Climate change and the increase in dengue cases in the region

Coauthors Paulo L. Ortiz Bultó and Madelaine Rivera Sánchez

In the first half of 2023, over 3 million cases of dengue fever have been reported in the Americas, resulting in the deaths of 1302 people. The number of infections exceeds the 2.8 million cases recorded in the same period in 2022 and this increase could be associated, in large part, with the effects of climate change, which have a strong influence, either directly or indirectly, on the spread of the mosquito.

The increase in extreme phenomena such as droughts and floods, which are becoming more frequent and severe, and the loss of biodiversity, which accelerates changes in natural habitats, as well as leading to a rise in forest fires, accentuate the risk of an expansion of epidemics in the region.

We sometimes tend to underestimate the effect of climate change and ignore the fact that it is the most serious environmental problem facing humanity. In fact, if we do not take measures to adapt to and mitigate the effects of climate change, we could run the risk in the not-too-distant future of the extinction of the human species.

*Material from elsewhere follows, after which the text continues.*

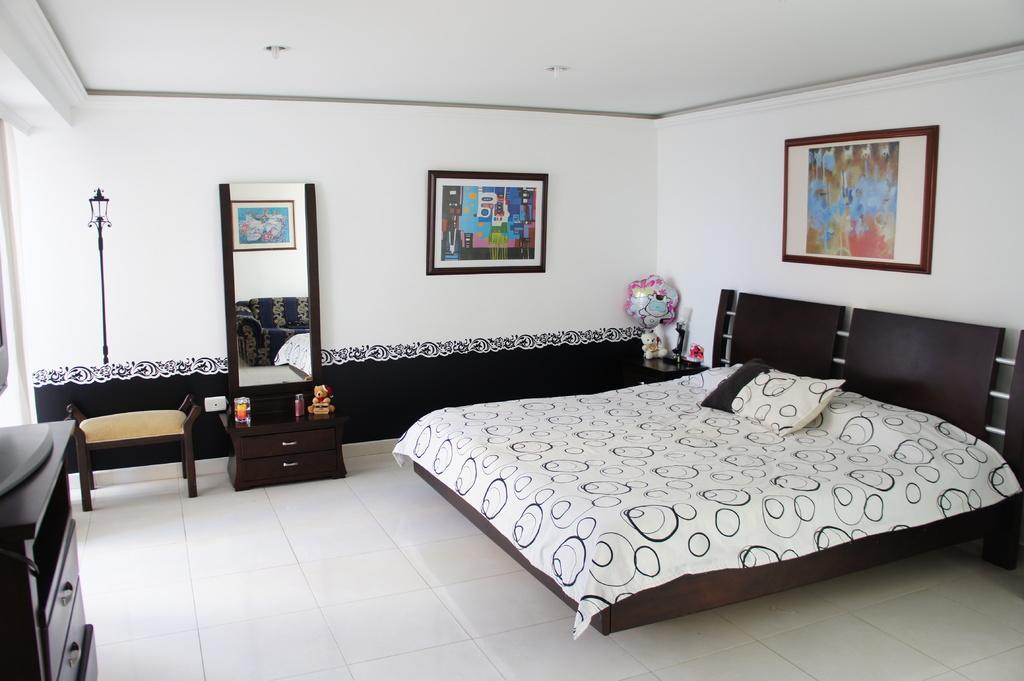Describe this image in one or two sentences. In this image I see a bed, drawers, as dressing table and a mirror on it and photo frames on the wall.

It should be remembered that dengue generates both asymptomatic and symptomatic infections that can be slight or severe and can lead to death on many occasions. This occurs mainly among vulnerable groups such as children, the elderly, and people with depressed immune systems, especially in areas with inadequate hygienic and sanitary conditions and low socioeconomic status.

Mosquito adaptation to new conditions

Climate variability as a primary expression of climate change conditions increases mosquito populations and the emergence of viruses such as dengue, by reinforcing their power of mutability and adaptation to new conditions. The main mosquito that transmits dengue is the Aedes aegypti, which breeds in urban environments and whose evolutionary cycle depends on temperature, humidity, cloud cover, rainfall, and radiation, among other climatic variables. This includes winds, which influence the mosquito’s flight and dispersal, as well as the rate of bites.

The influence of climate change disrupts the general circulation of the atmosphere, causing imbalances in the ocean-atmosphere coupling. This situation is conducive to the ENSO event, better known as El Niño, occurring under different conditions to previous ones, with significant variations in the climate expected by the end of 2023 and the beginning of 2024.

In short, the increased presence of low atmospheric pressure centers will exacerbate the variables aforementioned and, when combined, will favor the rapid evolution of the mosquito, shortening its cycle to reach adulthood in a few days. This leads to a considerable increment in adult populations, which could generate an increase in mosquito-borne diseases in our region, some of which have already begun to be manifested. 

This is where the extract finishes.